News Story

Whitmer Suggests Government Shutdown If No Big Gas Tax Hike

Democratic Governor challenges GOP legislature, my way on the highways

Gov. Gretchen Whitmer’s proposed 45-cent per gallon, $2.5 billion motor fuel tax increase has been represented as a plan to spend $2.5 billion more on roads. Bridge Magazine reported the plan would “increase state road funding by $2.5 billion by 2021.” The Small Business Association of Michigan said the plan would “raise $2.5 billion for roads.”

And the budget overview section of the governor’s recent executive budget presentation states, “This plan will generate $2.5 billion in new annual transportation revenue.”

What has not been widely reported is that just $1.9 billion of the $2.5 billion tax increase would go to road repairs. About $600 million of the tax hike, if enacted, would cover government spending that is unrelated to roads and transportation.

Whitmer’s executive budget recommendation for the next fiscal year proposes total state spending from all sources of $60.2 billion, up from $56.8 billion authorized in the final budget signed by her predecessor, Republican Rick Snyder.

Whitmer justifies the motor fuel tax increase by saying she was elected by Michigan voters who want her to “fix the damn roads.” If passed and signed into law, the proposal would give Michigan the nation’s highest gas tax.

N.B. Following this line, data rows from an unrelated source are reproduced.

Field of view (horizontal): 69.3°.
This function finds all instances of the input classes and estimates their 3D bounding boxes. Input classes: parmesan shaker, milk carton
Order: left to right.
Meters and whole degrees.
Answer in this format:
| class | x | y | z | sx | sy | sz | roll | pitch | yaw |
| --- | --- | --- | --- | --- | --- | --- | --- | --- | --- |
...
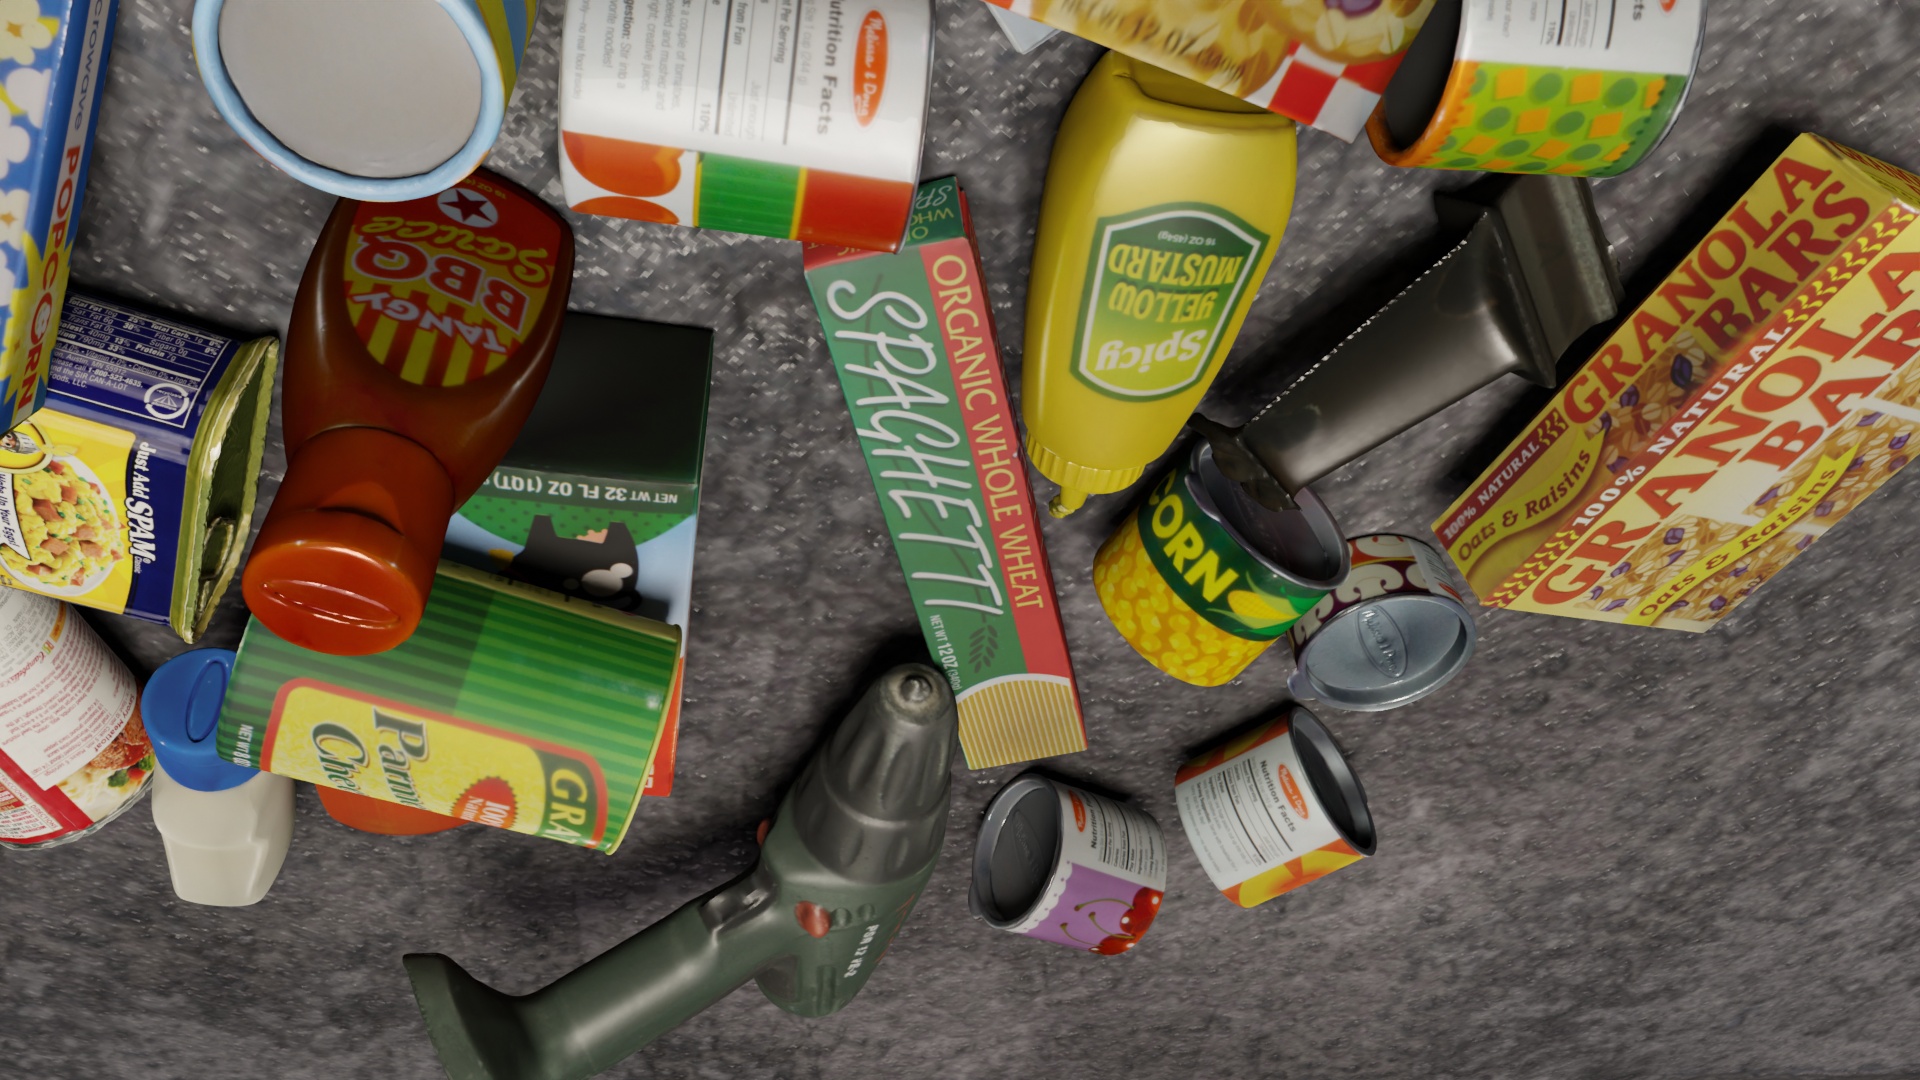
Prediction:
| class | x | y | z | sx | sy | sz | roll | pitch | yaw |
| --- | --- | --- | --- | --- | --- | --- | --- | --- | --- |
| parmesan shaker | -0.137 | 0.042 | 0.378 | 0.103 | 0.072 | 0.071 | 18 | 130 | -17 |
| milk carton | -0.126 | 0.023 | 0.460 | 0.072 | 0.074 | 0.189 | 5 | 134 | -10 |

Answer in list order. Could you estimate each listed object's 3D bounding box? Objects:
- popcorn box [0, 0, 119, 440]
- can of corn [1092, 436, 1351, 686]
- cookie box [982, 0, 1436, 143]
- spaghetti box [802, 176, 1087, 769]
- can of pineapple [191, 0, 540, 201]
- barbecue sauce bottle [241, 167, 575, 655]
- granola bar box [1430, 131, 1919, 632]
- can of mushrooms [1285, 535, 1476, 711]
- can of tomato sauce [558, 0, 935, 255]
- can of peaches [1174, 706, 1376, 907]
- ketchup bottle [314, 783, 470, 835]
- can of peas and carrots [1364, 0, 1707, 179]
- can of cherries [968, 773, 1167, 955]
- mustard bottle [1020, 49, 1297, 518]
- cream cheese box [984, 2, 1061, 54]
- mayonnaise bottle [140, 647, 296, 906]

Fiscal analyst James Hohman at the Mackinac Center for Public Policy is one voice who has noted the discrepancy between how much the governor expects the tax hike to bring in and how much of that she plans to use on road repairs.

“Whitmer is insisting she needs $2.5 billion in higher gas tax revenue, but only wants $1.9 billion more in additional road funding, and that is worth pointing out,” Hohman said in an email. “It looks like the governor wants more money in government and is trying to use the roads to leverage it.”

Hohman added, “The 2020 state budget already contains a ‘road funding piece’: An income tax earmark to road repairs is scheduled to increase from $264 million to $468 million.”

This refers to a law enacted alongside the last gas and diesel tax hike in 2015, which raised these taxes by 7 cents per gallon and 11 cents per gallon, respectively, to 26.3 cents per gallon tax on both fuels. Then-House Speaker Kevin Cotter insisted that the state government, and not just taxpayers, shares some of the burden of reprioritizing more resources to road repairs. The result was the income tax earmark from general government spending to road repairs, which, starting in October 2020, rises to $600 million annually.

The governor’s proposed gas tax hike has not gone over well with Republican lawmakers, nor has Whitmer’s statement that she won’t sign a new budget without one. Senate Majority Leader Mike Shirkey, R-Clarklake, says they’re two separate issues.

While it is too early in the process to start talking about a year-end budget impasse, Whitmer is using language that suggests this is possible.

“They want honesty in budgeting, and they want real solutions, not half-measures and shell games. And that’s exactly what I put on the table,” said the governor in a MIRS News podcast last week, during which she also reiterated that she would not to sign a budget that doesn’t include a comprehensive road funding solution.

Shirkey’s press secretary, Amber McCann, responded to Whitmer’s accusations in a statement to MIRS News. "She’s in luck. There’s an entire Department of Transportation portion of the budget."

House Speaker Lee Chatfield, R-Levering, agrees that passing an annual budget and devising a long-term solution to road repair funding are two separate issues.

“We are currently spending a record amount on roads and are serious about further investing the right amount to fix the problem. But if that doesn’t qualify as a fix, I could put her gas tax hike on the board and watch it fail,” Chatfield said in a statement to The Detroit News.

Whitmer’s office did not return requests for comment.